Sans exagérer, ce petit livre est une contribution décisive à l’un des débats centraux de l’après 2012 et du premier quart de ce siècle : les services « d’aide à la personne ».

Un mot sur le qualificatif « petit », qui agace certains auteurs. Je l’ai déjà soutenu à propos des livres d’Eva Sas ou de Guillaume Duval : aujourd’hui faire court est un « plus » pour un essai. Les gros livres, y compris les miens, risquent désormais de ne plus être lus, ou ils seront prétendument lus et en diagonal. Faire « court » est donc un qualificatif d’excellence, tout en justifiant des choix : tout n’y est pas traité.
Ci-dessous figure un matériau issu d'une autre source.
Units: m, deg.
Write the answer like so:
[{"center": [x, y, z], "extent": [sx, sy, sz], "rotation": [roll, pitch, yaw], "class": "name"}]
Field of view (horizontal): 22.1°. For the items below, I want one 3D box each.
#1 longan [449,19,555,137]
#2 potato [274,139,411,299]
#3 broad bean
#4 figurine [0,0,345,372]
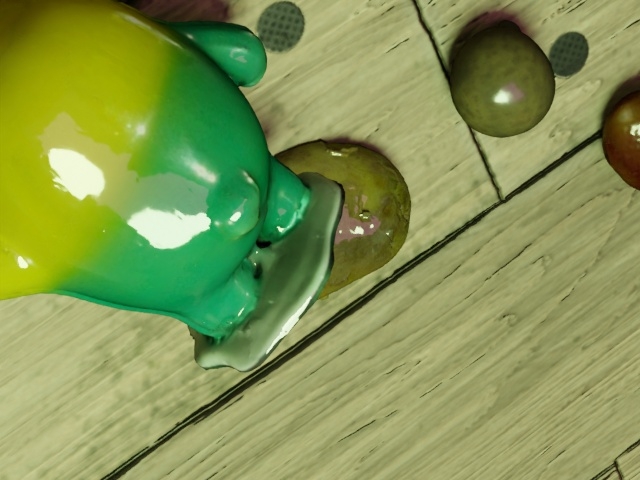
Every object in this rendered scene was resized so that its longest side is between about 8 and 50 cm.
[{"center": [0.172, -0.153, 1.536], "extent": [0.106, 0.106, 0.119], "rotation": [43, 47, -36], "class": "longan"}, {"center": [0.000, 0.000, 1.520], "extent": [0.200, 0.081, 0.164], "rotation": [-29, 124, -11], "class": "potato"}, {"center": [0.357, -0.097, 1.665], "extent": [0.165, 0.084, 0.114], "rotation": [12, 112, -26], "class": "broad bean"}, {"center": [-0.159, -0.058, 1.311], "extent": [0.340, 0.231, 0.323], "rotation": [34, 73, -29], "class": "figurine"}]

Ce n’esgt pas un « traité ». C’est d’ailleurs l’esprit de plusieurs collections militantes, telles que Raison d’Agir, ou les Repères et autres « Sur le vif » des éditions La Découverte.

Cette excellence, qui est brièveté, n’exclut pas la densité. Et ce livre d’un sociologue et d’une économiste est bourré de citations d’enquêtes, de chiffres. Les raisonnements s’appuient à la fois sur les témoignages et les statistiques.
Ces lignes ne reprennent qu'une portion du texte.